[EXERCISE BRIEF]
Look through the records below, and copy out every line that holds the string "hierna".

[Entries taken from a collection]
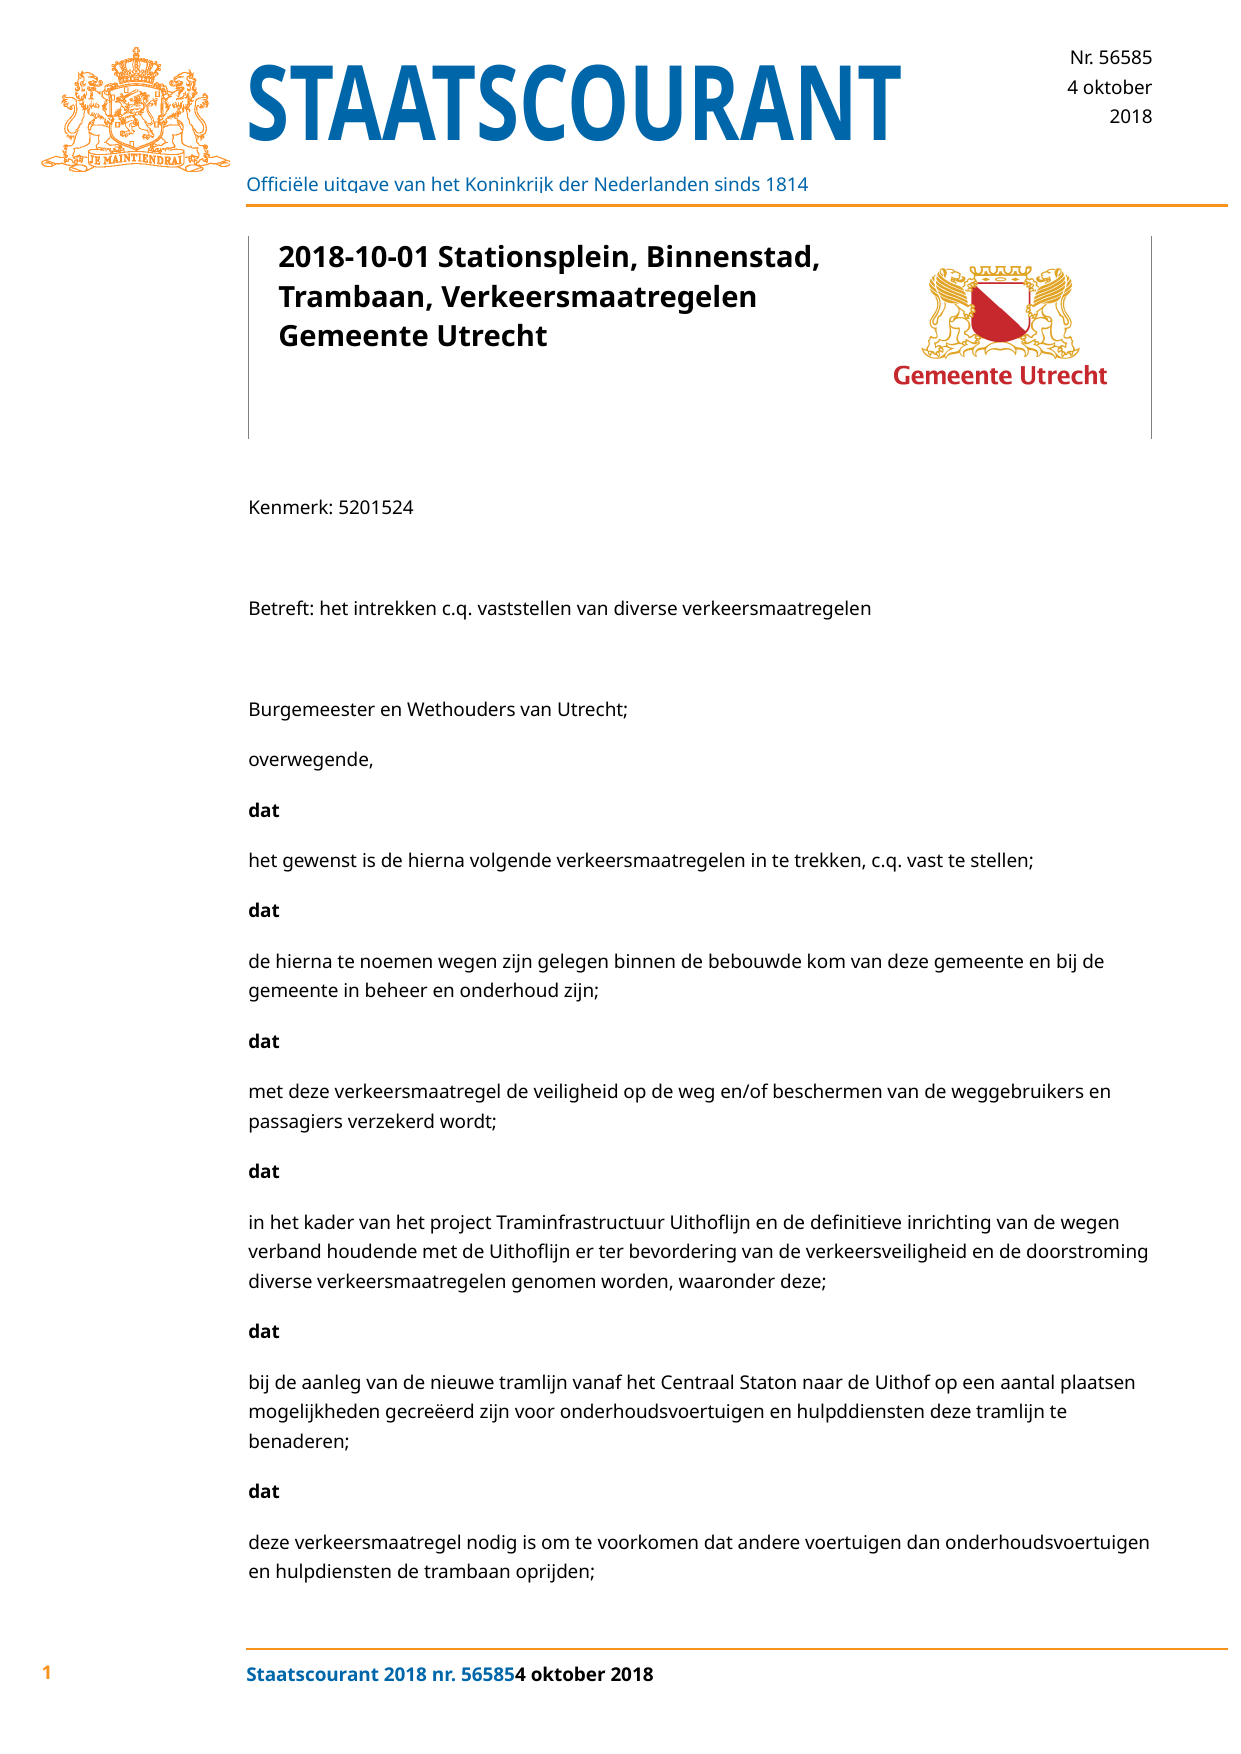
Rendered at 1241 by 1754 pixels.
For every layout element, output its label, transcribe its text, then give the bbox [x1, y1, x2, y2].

text de hierna te noemen wegen zijn gelegen binnen de bebouwde kom van deze gemeente en bij de gemeente in beheer en onderhoud zijn; [248, 948, 1152, 1003]
text in het kader van het project Traminfrastructuur Uithoflijn en de definitieve inrichting van de wegen verband houdende met de Uithoflijn er ter bevordering van de verkeersveiligheid en de doorstroming diverse verkeersmaatregelen genomen worden, waaronder deze; [248, 1209, 1152, 1294]
table_header [850, 236, 882, 413]
text met deze verkeersmaatregel de veiligheid op de weg en/of beschermen van de weggebruikers en passagiers verzekerd wordt; [248, 1078, 1152, 1134]
text Kenmerk: 5201524 [248, 494, 1152, 520]
text overwegende, [248, 746, 1152, 772]
table_header [1119, 236, 1151, 413]
text dat [248, 1318, 1152, 1344]
text deze verkeersmaatregel nodig is om te voorkomen dat andere voertuigen dan onderhoudsvoertuigen en hulpdiensten de trambaan oprijden; [248, 1529, 1152, 1584]
text dat [248, 1158, 1152, 1184]
text dat [248, 797, 1152, 823]
text dat [248, 898, 1152, 923]
picture [41, 47, 231, 172]
picture [882, 236, 1119, 414]
table_header 2018-10-01 Stationsplein, Binnenstad, Trambaan, Verkeersmaatregelen Gemeente Utrecht [249, 236, 850, 439]
text het gewenst is de hierna volgende verkeersmaatregelen in te trekken, c.q. vast te stellen; [248, 847, 1152, 873]
text dat [248, 1478, 1152, 1504]
text Betreft: het intrekken c.q. vaststellen van diverse verkeersmaatregelen [248, 595, 1152, 621]
text bij de aanleg van de nieuwe tramlijn vanaf het Centraal Staton naar de Uithof op een aantal plaatsen mogelijkheden gecreëerd zijn voor onderhoudsvoertuigen en hulpddiensten deze tramlijn te benaderen; [248, 1369, 1152, 1454]
text dat [248, 1028, 1152, 1054]
table_header [850, 414, 1151, 439]
text Burgemeester en Wethouders van Utrecht; [248, 696, 1152, 722]

[EXERCISE OUTPUT]
text de hierna te noemen wegen zijn gelegen binnen de bebouwde kom van deze gemeente en bij de gemeente in beheer en onderhoud zijn; [248, 948, 1152, 1003]
text het gewenst is de hierna volgende verkeersmaatregelen in te trekken, c.q. vast te stellen; [248, 847, 1152, 873]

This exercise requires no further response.